[Source data]
=====

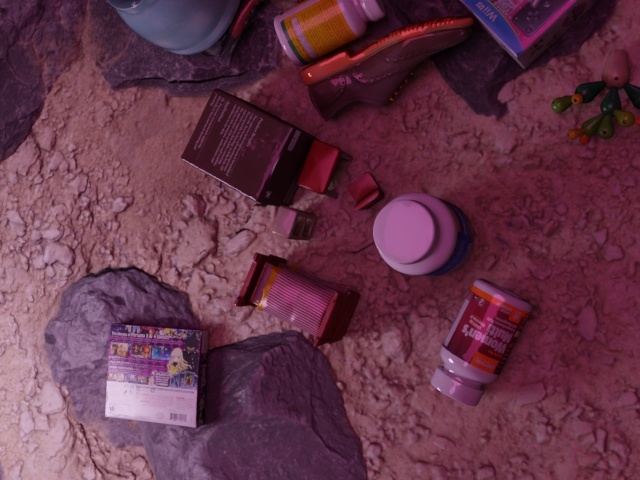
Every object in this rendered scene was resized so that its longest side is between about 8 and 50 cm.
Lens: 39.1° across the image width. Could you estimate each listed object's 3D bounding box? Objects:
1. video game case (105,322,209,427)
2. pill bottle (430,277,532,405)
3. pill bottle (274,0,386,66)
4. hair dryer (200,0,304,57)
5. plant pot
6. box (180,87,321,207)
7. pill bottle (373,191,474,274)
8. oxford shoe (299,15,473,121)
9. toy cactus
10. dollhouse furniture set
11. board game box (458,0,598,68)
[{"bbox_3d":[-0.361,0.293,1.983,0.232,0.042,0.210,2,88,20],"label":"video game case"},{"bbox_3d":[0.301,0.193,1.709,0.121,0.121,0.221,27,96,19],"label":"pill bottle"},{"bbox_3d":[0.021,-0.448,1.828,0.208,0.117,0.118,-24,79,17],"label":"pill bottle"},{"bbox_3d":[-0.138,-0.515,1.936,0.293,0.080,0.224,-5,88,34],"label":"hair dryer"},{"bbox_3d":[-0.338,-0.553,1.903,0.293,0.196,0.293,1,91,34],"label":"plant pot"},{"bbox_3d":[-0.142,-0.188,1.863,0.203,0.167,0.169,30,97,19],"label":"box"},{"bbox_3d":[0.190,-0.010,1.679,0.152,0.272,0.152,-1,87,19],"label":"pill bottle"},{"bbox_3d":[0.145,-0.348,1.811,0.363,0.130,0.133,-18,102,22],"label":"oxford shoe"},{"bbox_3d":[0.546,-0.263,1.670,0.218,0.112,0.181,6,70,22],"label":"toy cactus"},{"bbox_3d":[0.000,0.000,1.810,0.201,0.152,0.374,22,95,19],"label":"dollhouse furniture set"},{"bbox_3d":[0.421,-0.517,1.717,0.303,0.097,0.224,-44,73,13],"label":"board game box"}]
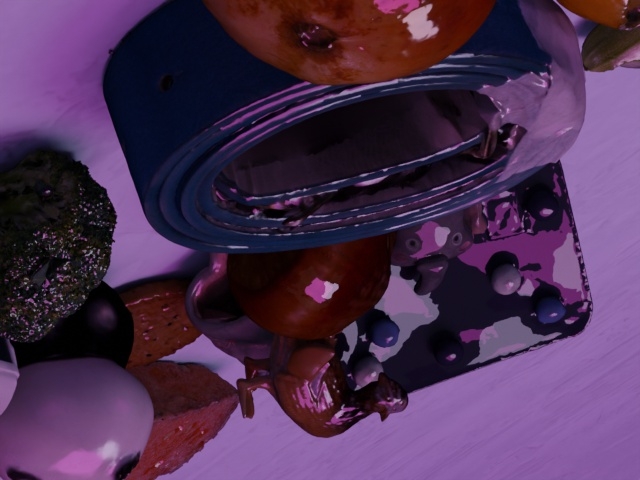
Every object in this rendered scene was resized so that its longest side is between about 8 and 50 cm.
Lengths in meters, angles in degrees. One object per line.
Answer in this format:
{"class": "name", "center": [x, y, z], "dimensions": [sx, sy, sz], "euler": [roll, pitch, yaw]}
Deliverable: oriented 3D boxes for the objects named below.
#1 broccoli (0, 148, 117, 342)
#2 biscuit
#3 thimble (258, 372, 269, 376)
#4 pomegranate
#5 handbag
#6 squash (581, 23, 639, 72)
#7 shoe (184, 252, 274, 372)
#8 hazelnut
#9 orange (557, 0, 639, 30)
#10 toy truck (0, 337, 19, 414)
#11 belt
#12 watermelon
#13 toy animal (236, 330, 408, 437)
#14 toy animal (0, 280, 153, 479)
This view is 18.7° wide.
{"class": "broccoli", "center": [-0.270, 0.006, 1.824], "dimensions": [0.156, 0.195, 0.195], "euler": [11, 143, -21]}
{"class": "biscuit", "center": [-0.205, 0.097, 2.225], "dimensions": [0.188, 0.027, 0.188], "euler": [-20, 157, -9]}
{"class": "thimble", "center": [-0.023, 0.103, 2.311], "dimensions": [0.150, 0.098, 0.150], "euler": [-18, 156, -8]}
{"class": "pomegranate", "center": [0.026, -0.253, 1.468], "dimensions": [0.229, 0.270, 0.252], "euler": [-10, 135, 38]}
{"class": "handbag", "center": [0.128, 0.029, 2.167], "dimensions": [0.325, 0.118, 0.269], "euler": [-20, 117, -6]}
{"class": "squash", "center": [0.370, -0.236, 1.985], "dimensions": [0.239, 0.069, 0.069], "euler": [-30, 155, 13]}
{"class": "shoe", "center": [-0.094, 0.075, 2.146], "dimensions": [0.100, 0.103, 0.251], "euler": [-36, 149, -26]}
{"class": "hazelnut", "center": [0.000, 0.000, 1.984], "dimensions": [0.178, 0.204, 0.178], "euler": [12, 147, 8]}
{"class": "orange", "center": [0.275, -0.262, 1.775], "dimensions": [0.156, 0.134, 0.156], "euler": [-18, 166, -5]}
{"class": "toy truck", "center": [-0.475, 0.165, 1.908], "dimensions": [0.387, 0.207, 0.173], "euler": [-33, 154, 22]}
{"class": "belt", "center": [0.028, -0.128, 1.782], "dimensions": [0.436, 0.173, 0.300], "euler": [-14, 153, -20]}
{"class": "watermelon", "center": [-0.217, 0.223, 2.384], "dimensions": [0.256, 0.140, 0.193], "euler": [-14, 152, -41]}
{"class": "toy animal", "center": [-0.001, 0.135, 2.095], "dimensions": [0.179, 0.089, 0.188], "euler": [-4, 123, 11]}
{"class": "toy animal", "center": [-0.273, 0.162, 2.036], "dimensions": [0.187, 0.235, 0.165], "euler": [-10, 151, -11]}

=====

*WORK TASK:*
Once you find the line with "#12 watermelon" in the entries above, output it and each line after it up to and including the line with "#14 toy animal (0, 280, 153, 479)", and nothing else.

*SOLUTION FOR THIS TASK:*
#12 watermelon
#13 toy animal (236, 330, 408, 437)
#14 toy animal (0, 280, 153, 479)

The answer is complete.